Sarnia fair wage policy extended to all city construction projects

Setting a fair wage policy for all City of Sarnia construction contracts is helping create a level playing field for workers and local contractors, the local labour council president says.

“This was never about unions. It was always about workers and contractors,” Sarnia & District Labour Council president Jason McMichael said about city council’s 6-3 decision earlier this month to extend Sarnia’s fair wage policy to construction projects with a value less than $50,000.

A wage-requirement policy for projects worth more than $50,000 was approved in the spring .

“The reality is we were having far too many out-of-town contractors being successful in their bids for local work with the City of Sarnia,” McMichael said, “and often that just happened to be because the contractors they were bidding against were already paying a fair wage … so what this did is it levelled the playing field.”

Extending the policy to lower-cost projects means overall city construction project spending could rise $100,000 to $200,000 per year, city staff estimated in reports to council.

Other increases could be pending, tied to inflation and supply chain challenges, they noted.
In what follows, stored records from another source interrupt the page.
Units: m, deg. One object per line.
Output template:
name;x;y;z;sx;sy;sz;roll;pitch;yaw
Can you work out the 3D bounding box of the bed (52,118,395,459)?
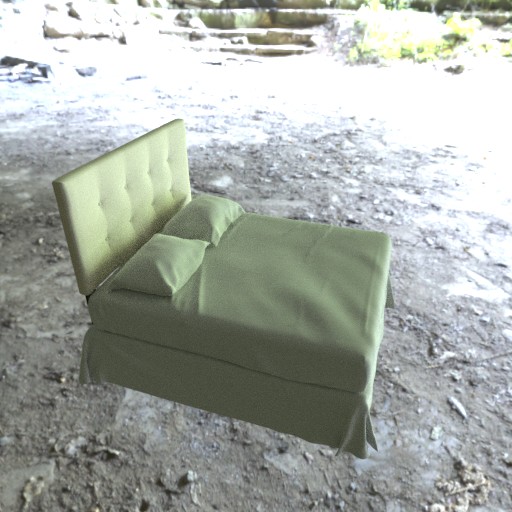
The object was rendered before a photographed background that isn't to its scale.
bed;0.000;0.000;3.428;2.222;1.577;1.936;10;32;16
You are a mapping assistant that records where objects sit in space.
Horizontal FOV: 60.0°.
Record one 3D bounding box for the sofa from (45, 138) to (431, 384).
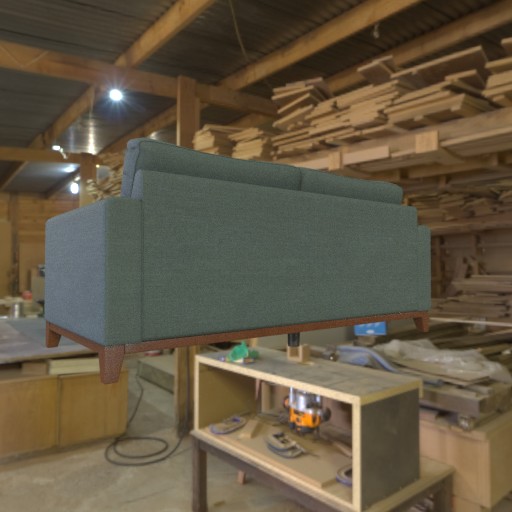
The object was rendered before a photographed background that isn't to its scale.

When the initial fair wage policy was implemented in May, staff estimated there’d be no increase to project costs above $50,000 because large contractors generally pay the prevailing wage rate.

An extra 200 hours of staff time per year to administer the policy was expected, and the policy was expected to impact 30 to 40 projects over $50,000 per year.

Extending the fair wage policy to projects below $50,000 means another 35 to 50 projects will be impacted, staff estimate.